Il fascino eterno di Roma tra le incisioni di Piranesi e le fotografie di Basilico [FOTO]

La nuova mostra al Museo Ettore Fico fino al 14 luglio indaga la poetica urbana e concettuale degli spazi cittadini in trasformazione

Il fascino eterno di Roma tra le incisioni di Piranesi e le fotografie di Basilico [FOTO]

La visione architettonica della Città Eterna nel Settecento ripresa in uno scatto contemporaneo. È questo il dialogo imbastito al Museo Ettore Fico tra le incisioni di Giovan Battista Piranesi e il grande fotogrago Gabriele Basilico, che prende le mosse dalla mostra della Fondazione Cini di Venezia nel 2010. “Viaggi e vedute: da Roma a Shangai” (visitabile fino al 14 luglio) ne propone una sezione, arricchita di altre cinquanta opere frutto dei viaggi per il mondo dell'autore, che esaminano la poetica urbana e concettuale delle diverse città immortalate.

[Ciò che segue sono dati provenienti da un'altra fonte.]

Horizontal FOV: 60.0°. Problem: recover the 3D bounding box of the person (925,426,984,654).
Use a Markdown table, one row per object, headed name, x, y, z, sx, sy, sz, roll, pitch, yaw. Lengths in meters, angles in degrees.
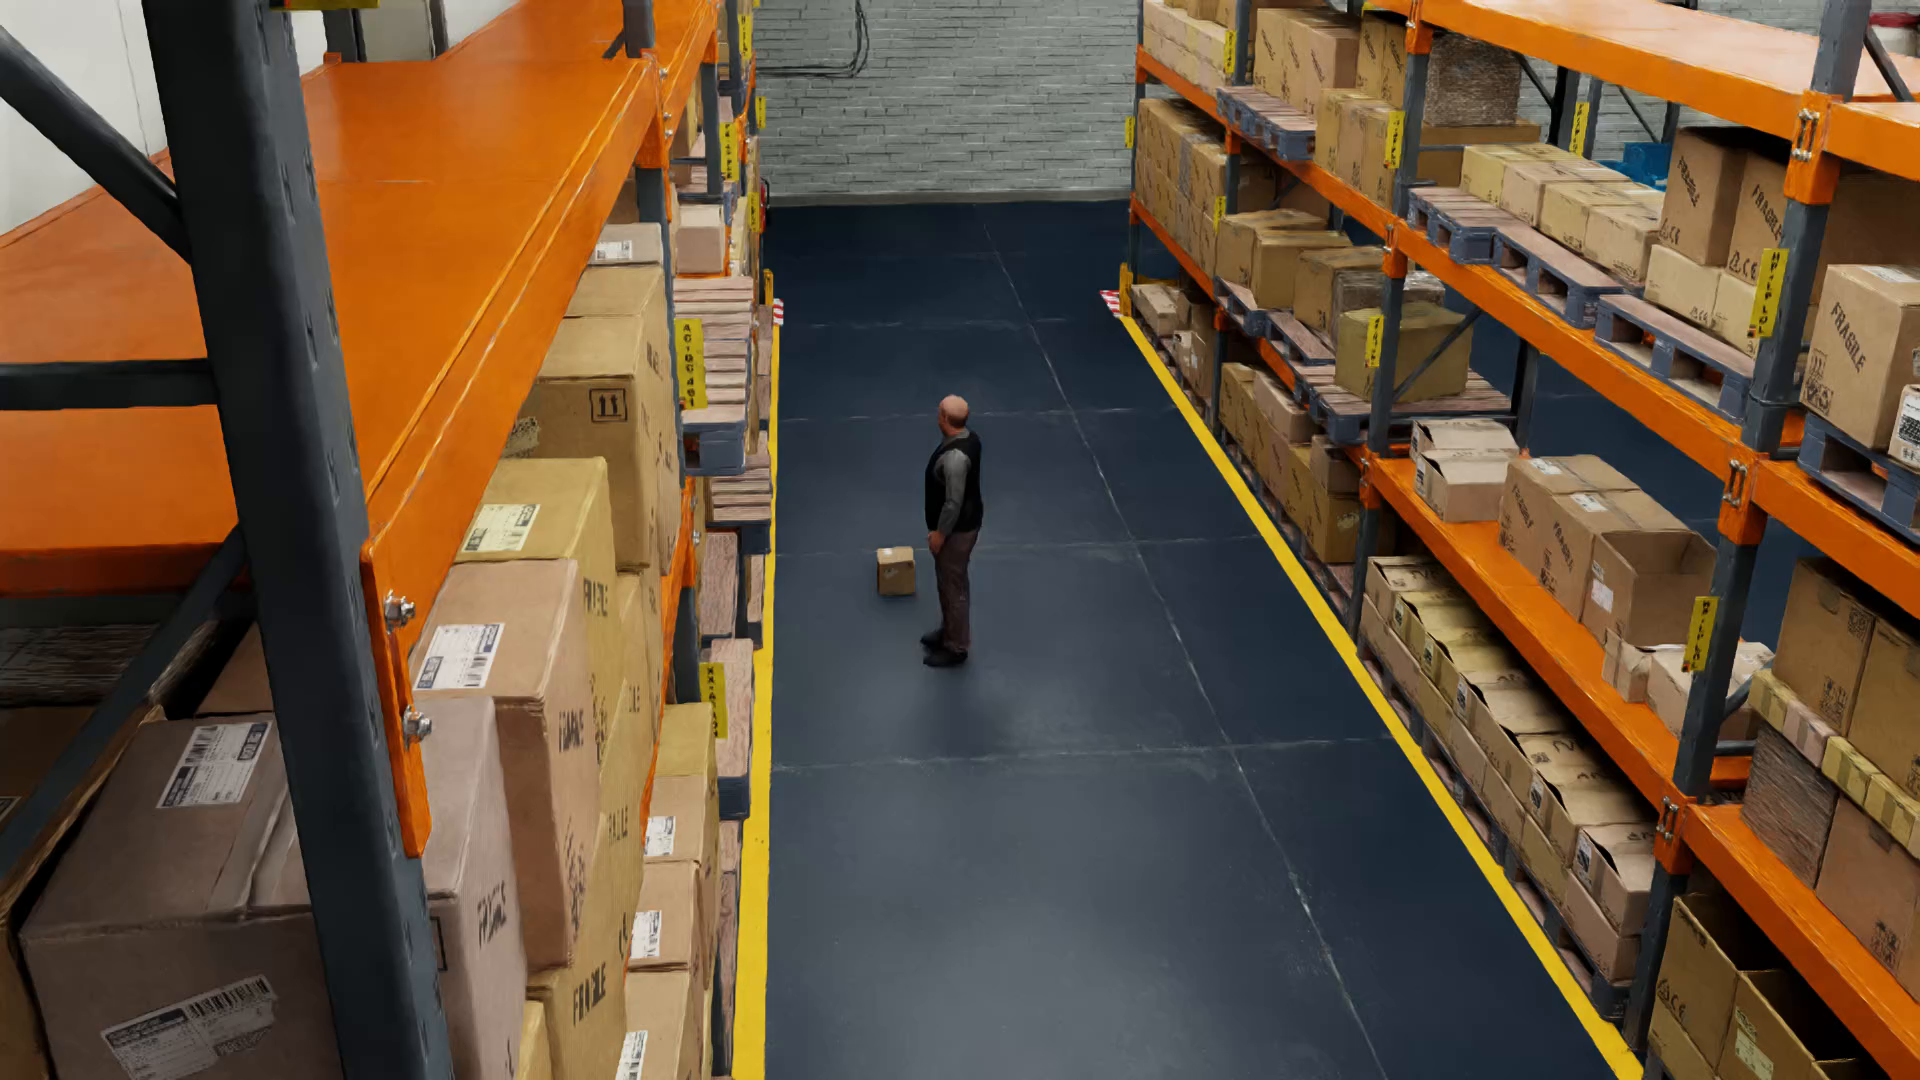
| name | x | y | z | sx | sy | sz | roll | pitch | yaw |
| --- | --- | --- | --- | --- | --- | --- | --- | --- | --- |
| person | -0.033 | -0.020 | 10.517 | 0.357 | 1.473 | 0.588 | 4 | 24 | 8 |

Un progetto molto ambizioso che avevo in mente da diversi anni”, commenta il direttore Andrea Busto. Le vedute di Piranesi di alcuni luoghi-simbolo di Roma – da Castel Sant'Angelo a piazza del Popolo, dalla basilica di Santa Maria Maggiore alla Fontana di Trevi – sono state riproposte da Basilico con una fotografia che indaga i suoi ambiti di ricerca privilegiati, dalle stesse angolature scelte dall'incisore. Uno stile rigoroso e documentaristico che tiene conto dei mutamenti sociali e storici nelle differenti stratificazioni attraversate dall'ambiente in rapporto con l'uomo che lo abita.

L'allestimento presenta, quindi, nel lungo corridoio centrale, le incisioni romane di Piranesi accanto alle foto di Basilico. Dal questo corpus principale si snodano quattro sottosezioni dedicate ciascuna a un tema specifico della poetica urbanistica di Basilico: le fabbriche delle grandi città industriali novecentesche; i porti e gli autoporti di Genova, Trieste, Anversa o Barcellona, sulla scia dei vedutisti veneti; le megalopoli in continua trasformazione che sembrano esplodere in un reticolato di strade ed edifici; la visione geometrica e straboscopica della città secondo le linee del costruttivismo.

Una narrazione continua che restituisce il fil rouge di un'indagine quarantennale: la descrizione della realtà in contesti geograficamente distanti eppure riflessi l'uno nell'altro, in una mai interrotta proliferazione di case, abitanti, paesaggi e orizzonti.